[EXERCISE INSTRUCTIONS]
When you write the records again, keep every line exactly as it was.

[DATA RECORDS]
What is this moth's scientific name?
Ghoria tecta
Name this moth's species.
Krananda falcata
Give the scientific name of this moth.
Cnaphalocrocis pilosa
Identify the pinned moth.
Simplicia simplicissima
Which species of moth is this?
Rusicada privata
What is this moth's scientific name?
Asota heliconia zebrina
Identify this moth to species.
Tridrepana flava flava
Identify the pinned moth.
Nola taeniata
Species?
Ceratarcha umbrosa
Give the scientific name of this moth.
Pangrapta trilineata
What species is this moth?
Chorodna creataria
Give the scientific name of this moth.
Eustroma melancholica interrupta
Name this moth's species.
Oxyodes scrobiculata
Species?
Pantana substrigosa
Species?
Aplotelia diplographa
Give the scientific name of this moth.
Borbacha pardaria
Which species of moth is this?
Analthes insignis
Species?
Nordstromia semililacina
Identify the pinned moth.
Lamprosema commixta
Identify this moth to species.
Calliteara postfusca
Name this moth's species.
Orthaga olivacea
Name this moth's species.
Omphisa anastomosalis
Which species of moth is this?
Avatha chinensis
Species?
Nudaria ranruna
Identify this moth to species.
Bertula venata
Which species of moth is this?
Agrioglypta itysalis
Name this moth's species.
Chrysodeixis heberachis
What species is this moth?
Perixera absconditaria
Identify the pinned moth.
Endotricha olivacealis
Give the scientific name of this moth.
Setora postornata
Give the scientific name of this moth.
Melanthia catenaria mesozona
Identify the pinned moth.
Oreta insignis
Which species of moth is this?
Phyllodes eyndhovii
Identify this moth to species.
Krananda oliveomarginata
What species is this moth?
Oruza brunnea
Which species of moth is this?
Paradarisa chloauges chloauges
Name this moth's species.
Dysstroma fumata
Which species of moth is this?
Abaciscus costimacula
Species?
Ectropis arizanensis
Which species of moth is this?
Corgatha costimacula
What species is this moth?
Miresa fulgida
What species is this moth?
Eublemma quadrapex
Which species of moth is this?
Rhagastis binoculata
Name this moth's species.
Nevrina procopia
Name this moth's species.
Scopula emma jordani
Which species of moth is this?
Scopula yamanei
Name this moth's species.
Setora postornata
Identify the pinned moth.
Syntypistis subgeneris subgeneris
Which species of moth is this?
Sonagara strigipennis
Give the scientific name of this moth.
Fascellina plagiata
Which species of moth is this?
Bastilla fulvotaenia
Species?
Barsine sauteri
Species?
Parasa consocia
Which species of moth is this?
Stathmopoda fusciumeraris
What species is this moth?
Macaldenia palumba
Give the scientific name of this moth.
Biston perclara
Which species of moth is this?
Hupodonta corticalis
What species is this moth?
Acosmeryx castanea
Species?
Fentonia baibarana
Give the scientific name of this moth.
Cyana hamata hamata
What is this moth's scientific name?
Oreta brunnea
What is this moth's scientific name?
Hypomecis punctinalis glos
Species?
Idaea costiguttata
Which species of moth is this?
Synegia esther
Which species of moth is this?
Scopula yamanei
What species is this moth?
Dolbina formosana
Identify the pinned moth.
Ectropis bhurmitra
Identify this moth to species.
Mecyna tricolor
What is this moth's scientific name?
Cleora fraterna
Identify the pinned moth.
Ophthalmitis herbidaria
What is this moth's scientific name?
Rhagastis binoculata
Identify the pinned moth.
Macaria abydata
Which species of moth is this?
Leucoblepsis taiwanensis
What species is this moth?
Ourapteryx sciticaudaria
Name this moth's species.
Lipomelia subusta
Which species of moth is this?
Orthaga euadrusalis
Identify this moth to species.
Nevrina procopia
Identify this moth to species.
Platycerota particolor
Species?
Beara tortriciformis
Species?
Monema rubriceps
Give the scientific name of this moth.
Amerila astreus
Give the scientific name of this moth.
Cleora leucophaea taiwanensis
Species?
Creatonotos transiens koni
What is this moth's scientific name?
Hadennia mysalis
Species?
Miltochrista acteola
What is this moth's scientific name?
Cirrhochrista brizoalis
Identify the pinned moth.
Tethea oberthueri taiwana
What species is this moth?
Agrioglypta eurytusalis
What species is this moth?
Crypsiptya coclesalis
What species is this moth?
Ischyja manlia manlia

[SOLUTION TO THIS TASK]
What is this moth's scientific name?
Ghoria tecta
Name this moth's species.
Krananda falcata
Give the scientific name of this moth.
Cnaphalocrocis pilosa
Identify the pinned moth.
Simplicia simplicissima
Which species of moth is this?
Rusicada privata
What is this moth's scientific name?
Asota heliconia zebrina
Identify this moth to species.
Tridrepana flava flava
Identify the pinned moth.
Nola taeniata
Species?
Ceratarcha umbrosa
Give the scientific name of this moth.
Pangrapta trilineata
What species is this moth?
Chorodna creataria
Give the scientific name of this moth.
Eustroma melancholica interrupta
Name this moth's species.
Oxyodes scrobiculata
Species?
Pantana substrigosa
Species?
Aplotelia diplographa
Give the scientific name of this moth.
Borbacha pardaria
Which species of moth is this?
Analthes insignis
Species?
Nordstromia semililacina
Identify the pinned moth.
Lamprosema commixta
Identify this moth to species.
Calliteara postfusca
Name this moth's species.
Orthaga olivacea
Name this moth's species.
Omphisa anastomosalis
Which species of moth is this?
Avatha chinensis
Species?
Nudaria ranruna
Identify this moth to species.
Bertula venata
Which species of moth is this?
Agrioglypta itysalis
Name this moth's species.
Chrysodeixis heberachis
What species is this moth?
Perixera absconditaria
Identify the pinned moth.
Endotricha olivacealis
Give the scientific name of this moth.
Setora postornata
Give the scientific name of this moth.
Melanthia catenaria mesozona
Identify the pinned moth.
Oreta insignis
Which species of moth is this?
Phyllodes eyndhovii
Identify this moth to species.
Krananda oliveomarginata
What species is this moth?
Oruza brunnea
Which species of moth is this?
Paradarisa chloauges chloauges
Name this moth's species.
Dysstroma fumata
Which species of moth is this?
Abaciscus costimacula
Species?
Ectropis arizanensis
Which species of moth is this?
Corgatha costimacula
What species is this moth?
Miresa fulgida
What species is this moth?
Eublemma quadrapex
Which species of moth is this?
Rhagastis binoculata
Name this moth's species.
Nevrina procopia
Name this moth's species.
Scopula emma jordani
Which species of moth is this?
Scopula yamanei
Name this moth's species.
Setora postornata
Identify the pinned moth.
Syntypistis subgeneris subgeneris
Which species of moth is this?
Sonagara strigipennis
Give the scientific name of this moth.
Fascellina plagiata
Which species of moth is this?
Bastilla fulvotaenia
Species?
Barsine sauteri
Species?
Parasa consocia
Which species of moth is this?
Stathmopoda fusciumeraris
What species is this moth?
Macaldenia palumba
Give the scientific name of this moth.
Biston perclara
Which species of moth is this?
Hupodonta corticalis
What species is this moth?
Acosmeryx castanea
Species?
Fentonia baibarana
Give the scientific name of this moth.
Cyana hamata hamata
What is this moth's scientific name?
Oreta brunnea
What is this moth's scientific name?
Hypomecis punctinalis glos
Species?
Idaea costiguttata
Which species of moth is this?
Synegia esther
Which species of moth is this?
Scopula yamanei
What species is this moth?
Dolbina formosana
Identify the pinned moth.
Ectropis bhurmitra
Identify this moth to species.
Mecyna tricolor
What is this moth's scientific name?
Cleora fraterna
Identify the pinned moth.
Ophthalmitis herbidaria
What is this moth's scientific name?
Rhagastis binoculata
Identify the pinned moth.
Macaria abydata
Which species of moth is this?
Leucoblepsis taiwanensis
What species is this moth?
Ourapteryx sciticaudaria
Name this moth's species.
Lipomelia subusta
Which species of moth is this?
Orthaga euadrusalis
Identify this moth to species.
Nevrina procopia
Identify this moth to species.
Platycerota particolor
Species?
Beara tortriciformis
Species?
Monema rubriceps
Give the scientific name of this moth.
Amerila astreus
Give the scientific name of this moth.
Cleora leucophaea taiwanensis
Species?
Creatonotos transiens koni
What is this moth's scientific name?
Hadennia mysalis
Species?
Miltochrista acteola
What is this moth's scientific name?
Cirrhochrista brizoalis
Identify the pinned moth.
Tethea oberthueri taiwana
What species is this moth?
Agrioglypta eurytusalis
What species is this moth?
Crypsiptya coclesalis
What species is this moth?
Ischyja manlia manlia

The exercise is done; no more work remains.